Proprio per affrontare queste criticità , il Gruppo Giovani Imprenditori (GGI) di Udine, il Comitato Piccola Industria di Confindustria Udine e Teha Group si sono riuniti presso la Torre di Santa Maria per il convegno “Continuità generazionale nelle aziende familiari”.
L’analisi di Domenico Mafrici e Francesco Massignani (Teha Group) ha evidenziato un paradosso italiano: sebbene il Paese vanti il primato di microimprese con fatturato tra 1 e 10 milioni di euro (179.000 unità ), fatica a scalare verso le medie dimensioni. Il management è quasi totalmente in mano alla proprietà : nel 66,4% delle aziende italiane l’intera direzione è espressione della famiglia, contro il 10% del Regno Unito o il 28% della Germania. Tuttavia, i dati dimostrano che una governance strutturata conviene: le medie aziende con ruoli definiti crescono del 34%, quasi il doppio rispetto alla media nazionale.

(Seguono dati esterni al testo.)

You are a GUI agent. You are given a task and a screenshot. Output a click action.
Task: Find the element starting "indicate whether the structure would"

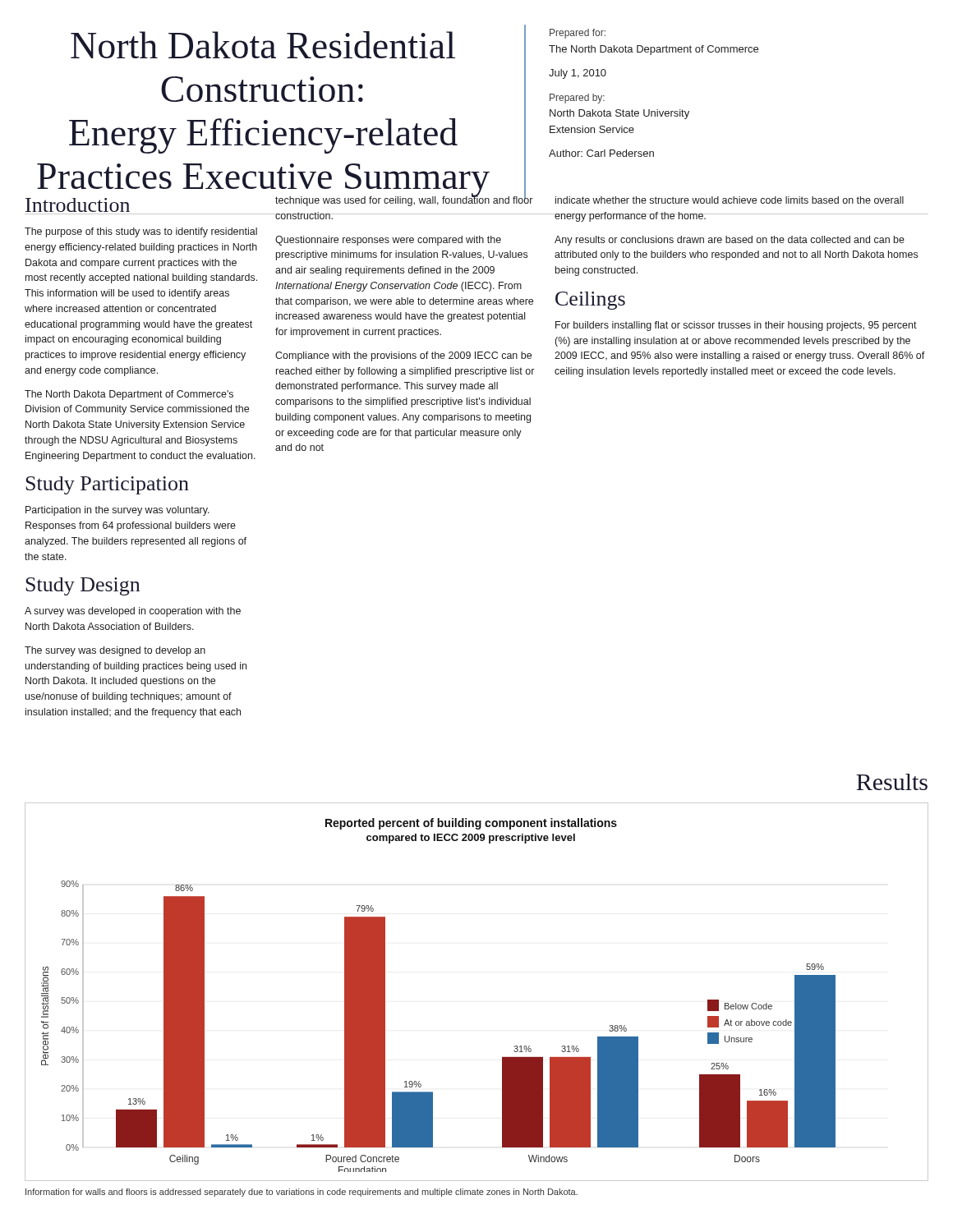point(741,208)

Giacomo Andolfato, presidente del GGI Udine, ha sottolineato l’esigenza dei giovani imprenditori di conciliare continuità e tutela patrimoniale. Un concetto ribadito da Marco Vidoni (Piccola Industria): «Il passaggio generazionale non può più essere affidato all’improvvisazione. Investire per tempo su metodo e competenze significa permettere alle imprese di crescere e restare radicate sul territorio».
A chiudere l’incontro, la testimonianza di Diego Buso, CEO di Fluid System, che ha presentato il case history della propria azienda. La sua esperienza conferma che, se il delicato equilibrio tra istituzione familiare e d’impresa viene gestito con anticipo, l’azienda familiare è in grado di esprimere performance superiori rispetto ai competitor non familiari.
(nella foto da sinistra Buso, Andolfato, Vidoni e Massignani)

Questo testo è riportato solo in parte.